### Task statement
For each line below that contains the word "then", return that line.
───── Provided records
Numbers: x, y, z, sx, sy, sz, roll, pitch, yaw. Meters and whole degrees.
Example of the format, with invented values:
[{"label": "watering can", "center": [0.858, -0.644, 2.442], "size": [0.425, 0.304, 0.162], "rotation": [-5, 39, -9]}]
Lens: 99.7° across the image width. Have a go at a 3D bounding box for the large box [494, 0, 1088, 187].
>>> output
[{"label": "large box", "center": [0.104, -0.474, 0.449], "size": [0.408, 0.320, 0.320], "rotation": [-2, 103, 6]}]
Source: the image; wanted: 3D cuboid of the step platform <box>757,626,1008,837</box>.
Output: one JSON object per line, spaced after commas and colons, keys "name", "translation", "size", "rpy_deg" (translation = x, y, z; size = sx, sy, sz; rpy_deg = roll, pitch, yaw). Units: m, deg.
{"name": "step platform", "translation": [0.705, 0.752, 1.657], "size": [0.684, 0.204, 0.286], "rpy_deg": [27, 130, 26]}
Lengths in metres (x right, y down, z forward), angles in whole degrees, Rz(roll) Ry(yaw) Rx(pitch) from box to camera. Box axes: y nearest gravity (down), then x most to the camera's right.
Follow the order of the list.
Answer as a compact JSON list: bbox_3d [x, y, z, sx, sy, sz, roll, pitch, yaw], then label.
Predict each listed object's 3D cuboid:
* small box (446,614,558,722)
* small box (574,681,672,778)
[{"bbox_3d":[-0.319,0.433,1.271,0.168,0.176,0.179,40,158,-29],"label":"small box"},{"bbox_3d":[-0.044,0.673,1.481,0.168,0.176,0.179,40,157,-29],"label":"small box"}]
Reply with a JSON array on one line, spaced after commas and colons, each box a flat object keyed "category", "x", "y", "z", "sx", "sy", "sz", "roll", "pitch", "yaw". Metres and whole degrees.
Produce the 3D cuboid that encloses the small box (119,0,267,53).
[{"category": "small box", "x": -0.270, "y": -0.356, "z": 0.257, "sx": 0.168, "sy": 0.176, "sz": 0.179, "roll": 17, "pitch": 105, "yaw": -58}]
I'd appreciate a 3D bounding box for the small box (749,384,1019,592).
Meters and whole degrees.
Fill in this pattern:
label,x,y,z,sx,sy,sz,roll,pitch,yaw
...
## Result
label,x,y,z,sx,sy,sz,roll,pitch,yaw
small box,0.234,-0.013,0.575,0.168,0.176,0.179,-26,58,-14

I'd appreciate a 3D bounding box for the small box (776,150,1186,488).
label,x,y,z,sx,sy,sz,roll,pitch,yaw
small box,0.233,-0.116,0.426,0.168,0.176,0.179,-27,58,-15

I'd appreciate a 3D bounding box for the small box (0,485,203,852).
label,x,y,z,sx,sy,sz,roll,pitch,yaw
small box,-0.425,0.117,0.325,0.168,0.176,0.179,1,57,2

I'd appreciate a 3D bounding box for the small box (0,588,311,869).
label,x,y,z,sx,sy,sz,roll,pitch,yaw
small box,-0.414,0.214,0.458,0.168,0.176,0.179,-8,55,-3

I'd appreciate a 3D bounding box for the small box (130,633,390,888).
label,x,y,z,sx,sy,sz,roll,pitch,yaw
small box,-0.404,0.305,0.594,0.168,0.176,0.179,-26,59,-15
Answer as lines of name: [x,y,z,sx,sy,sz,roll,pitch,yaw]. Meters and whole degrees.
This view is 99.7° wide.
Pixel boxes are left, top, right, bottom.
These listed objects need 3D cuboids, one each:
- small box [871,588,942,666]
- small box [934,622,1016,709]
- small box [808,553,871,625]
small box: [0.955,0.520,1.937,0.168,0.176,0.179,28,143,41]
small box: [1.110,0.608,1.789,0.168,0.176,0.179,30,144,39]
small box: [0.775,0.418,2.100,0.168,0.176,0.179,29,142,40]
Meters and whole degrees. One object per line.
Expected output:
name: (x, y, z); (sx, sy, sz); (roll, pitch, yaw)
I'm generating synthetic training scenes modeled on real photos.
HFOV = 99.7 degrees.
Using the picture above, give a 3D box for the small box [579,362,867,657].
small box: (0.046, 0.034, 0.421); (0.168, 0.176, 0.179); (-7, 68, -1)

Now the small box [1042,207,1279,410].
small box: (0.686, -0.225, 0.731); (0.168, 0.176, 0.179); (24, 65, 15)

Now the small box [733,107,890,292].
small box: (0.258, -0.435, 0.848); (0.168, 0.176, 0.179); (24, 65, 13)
──────────
### Answer for the task
Lengths in metres (x right, y down, z forward), angles in whole degrees, Rz(roll) Ry(yaw) Rx(pitch) from box to camera. Box axes: y nearest gravity (down), then x most to the camera's right.
Answer as a compact JSON list: bbox_3d [x, y, z, sx, sy, sz, roll, pitch, yaw], then label.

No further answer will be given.